O Plano de Recuperação e Resiliência (PRR), conhecido como "bazuca", nasceu a 13 de julho de 2021 com 16,6 mil milhões de euros, tendo Portugal sido o primeiro Estado-membro a entregar formalmente o seu plano a Bruxelas. A 3 de agosto de 2021 recebeu o primeiro pré-financiamento de 2,2 mil milhões de euros, correspondente a 13% do total. No entanto, a invasão russa da Ucrânia provocou uma espiral inflacionista e perturbou as cadeias de abastecimento, levando a que os concursos públicos ficassem desertos por os preços base não serem compatíveis com a nova realidade. Perante estes problemas generalizados, a Comissão Europeia acabou por reconhecer a necessidade de ajustes e permitiu que a bazuca financiasse em 19% o aumento dos custos dos projetos.
A primeira reprogramação, submetida em maio de 2023, aumentou o PRR de 16,6 para 22,2 mil milhões de euros, um reforço de 33,7% que decorreu de maior acesso a empréstimos e de um reforço das subvenções. Portugal passou a ter de cumprir 501 metas e marcos, contra os anteriores 341. As empresas e a habitação absorveram as verbas mais significativas, com as agendas mobilizadoras a receberem 2,8 mil milhões de euros. O Orçamento do Estado foi chamado a financiar 1,2 mil milhões de euros destes projetos, alterando a lógica inicial de financiamento integral pelo PRR.
A segunda reprogramação, em agosto de 2024, alterou 22 medidas, incluindo as primeiras mudanças relativas ao Hospital Oriental de Lisboa, optando por financiar apenas a construção da Torre Poente em vez de todo o complexo hospitalar. A terceira reprogramação, em fevereiro de 2025, sacrificou a linha Violeta do Metro de Lisboa, a barragem do Pisão e a dessalinizadora do Algarve, realocando 1.463 milhões de euros, dos quais 60% reforçaram as áreas da saúde, empresas e ciência. O número de marcos e metas passou de 463 para 438 e foram introduzidos 1.517 milhões de euros em novos investimentos, na sua maioria não dependentes de obras.

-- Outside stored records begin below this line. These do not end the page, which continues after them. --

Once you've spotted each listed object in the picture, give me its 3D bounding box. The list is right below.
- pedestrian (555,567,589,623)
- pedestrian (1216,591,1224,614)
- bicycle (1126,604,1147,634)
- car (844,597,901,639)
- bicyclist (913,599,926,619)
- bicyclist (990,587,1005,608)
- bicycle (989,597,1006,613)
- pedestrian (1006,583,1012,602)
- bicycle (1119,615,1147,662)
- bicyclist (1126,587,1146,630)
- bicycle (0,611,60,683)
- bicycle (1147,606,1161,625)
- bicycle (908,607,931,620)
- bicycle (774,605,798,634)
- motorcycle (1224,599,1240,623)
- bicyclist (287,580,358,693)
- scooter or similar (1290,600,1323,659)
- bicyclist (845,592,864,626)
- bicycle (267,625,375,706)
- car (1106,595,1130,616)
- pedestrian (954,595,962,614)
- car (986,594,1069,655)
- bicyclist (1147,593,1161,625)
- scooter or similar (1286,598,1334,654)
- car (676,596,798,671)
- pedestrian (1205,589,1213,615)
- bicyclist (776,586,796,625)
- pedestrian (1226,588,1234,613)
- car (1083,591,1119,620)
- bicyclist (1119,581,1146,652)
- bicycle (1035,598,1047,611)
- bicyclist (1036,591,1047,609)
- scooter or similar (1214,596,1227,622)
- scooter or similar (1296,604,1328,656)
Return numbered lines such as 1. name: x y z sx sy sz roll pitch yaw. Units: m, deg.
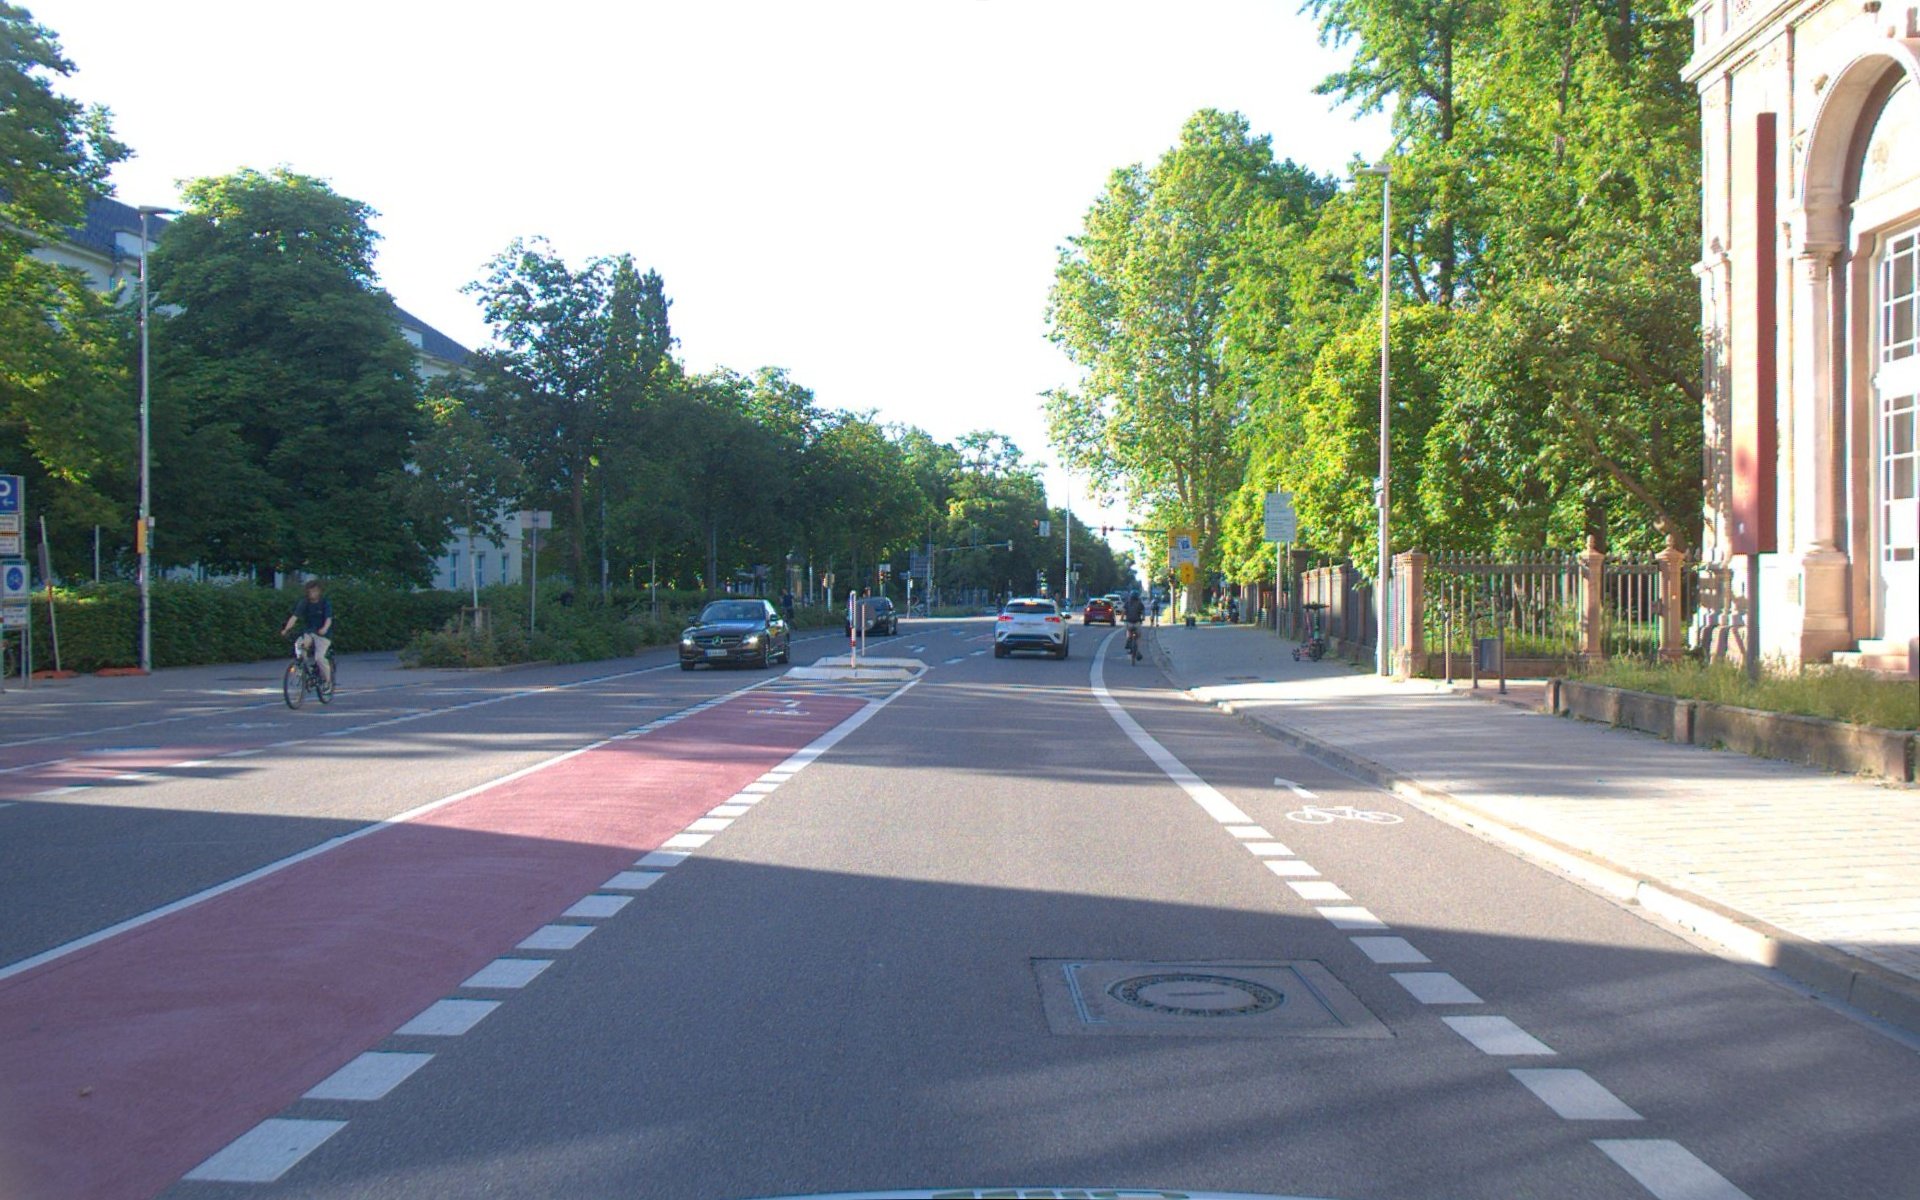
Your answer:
1. pedestrian: -13.275 -0.170 56.635 0.837 1.884 1.002 -1 0 5
2. pedestrian: 19.215 0.182 122.114 0.472 1.668 0.432 -4 3 13
3. bicycle: 6.434 0.694 60.438 0.737 1.044 1.870 1 -1 6
4. car: -3.255 0.654 62.515 1.721 1.484 4.002 -1 0 3
5. bicyclist: -3.169 0.694 129.810 0.902 1.535 0.507 -1 0 14
6. bicyclist: 3.160 -0.216 138.581 1.069 1.785 1.098 -1 0 8
7. bicycle: 3.153 0.414 138.462 1.078 1.277 2.781 -1 0 8
8. pedestrian: 5.412 -0.793 183.020 0.642 2.049 0.832 -1 0 4
9. bicycle: 4.110 0.908 39.377 0.629 1.042 2.214 1 0 6
10. bicyclist: 6.441 0.302 60.452 0.731 1.564 0.970 0 0 6
11. bicycle: -17.415 0.847 29.679 2.271 1.251 0.560 -1 0 5
12. bicycle: 10.844 0.885 92.667 0.737 1.044 1.870 1 -1 6
13. bicycle: -3.170 1.074 129.807 1.728 1.007 0.513 -1 0 14
14. bicycle: -7.149 0.803 68.192 0.584 1.140 2.028 -4 0 4
15. motorcycle: 13.899 0.543 84.583 0.648 1.188 2.329 -3 0 6
16. bicyclist: -8.858 0.500 22.999 0.642 1.511 0.665 -3 0 0
17. scooter or similar: 7.527 0.635 35.965 0.291 1.261 1.158 -1 0 -10
18. bicyclist: -4.673 0.399 73.262 0.632 1.443 0.971 -3 0 4
19. bicycle: -8.831 0.879 22.936 0.638 1.013 2.109 -2 0 1
20. car: 12.250 0.447 128.295 1.700 1.573 4.003 0 0 7
21. pedestrian: -0.202 0.433 162.667 0.637 1.921 0.663 -1 0 9
22. car: 1.796 0.597 42.913 1.951 1.478 4.002 -1 0 5
23. bicyclist: 10.854 0.506 92.623 0.734 1.780 0.844 1 0 6
24. scooter or similar: 8.214 0.595 38.854 0.538 1.264 1.553 -1 0 -11
25. car: -4.634 0.651 34.975 1.774 1.444 4.556 -1 0 2
26. pedestrian: 18.402 0.142 122.084 0.472 1.823 0.432 -3 3 13
27. bicyclist: -7.165 0.233 68.262 0.616 1.549 0.725 -3 0 4
28. pedestrian: 20.043 0.013 122.815 0.472 1.823 0.432 -3 3 13
29. car: 7.805 0.288 91.175 1.888 1.560 4.003 -1 0 6
30. bicyclist: 4.112 0.387 39.341 0.622 1.642 1.285 1 0 6
31. bicycle: 8.165 0.450 166.159 0.943 1.201 2.953 -1 0 8
32. bicyclist: 8.167 -0.021 166.226 0.935 1.735 1.233 -1 0 8
33. scooter or similar: 14.375 0.486 91.354 0.554 1.407 1.857 -1 0 5
34. scooter or similar: 7.864 0.656 36.970 0.470 1.142 1.336 -1 0 2

A quarta reprogramação, em julho de 2025, simplificou descrições de marcos e metas de 20 medidas sem impacto na dotação financeira. A quinta reprogramação, em outubro de 2025, fez o PRR emagrecer para 21,9 mil milhões de euros, retirando a linha vermelha do metro de Lisboa e o Hospital Oriental e libertando 311 milhões de euros de empréstimos. As respostas sociais sofreram reduções significativas, com menos 14.142 lugares em equipamentos sociais. A sexta reprogramação, em março de 2026, introduziu a novidade da conclusão a 90% dos projetos, permitindo que várias obras ficassem substancialmente concluídas sem penalizações, e a linha Rubi do Metro do Porto foi retirada, libertando 73 milhões de euros. A sétima reprogramação, entregue em julho de 2026, expandiu a regra dos 90% e reduziu significativamente a ambição na saúde, com a meta de novas camas a descer 42% e o compromisso das agendas mobilizadoras a ser revisto em alta para 403 novos produtos, processos e serviços.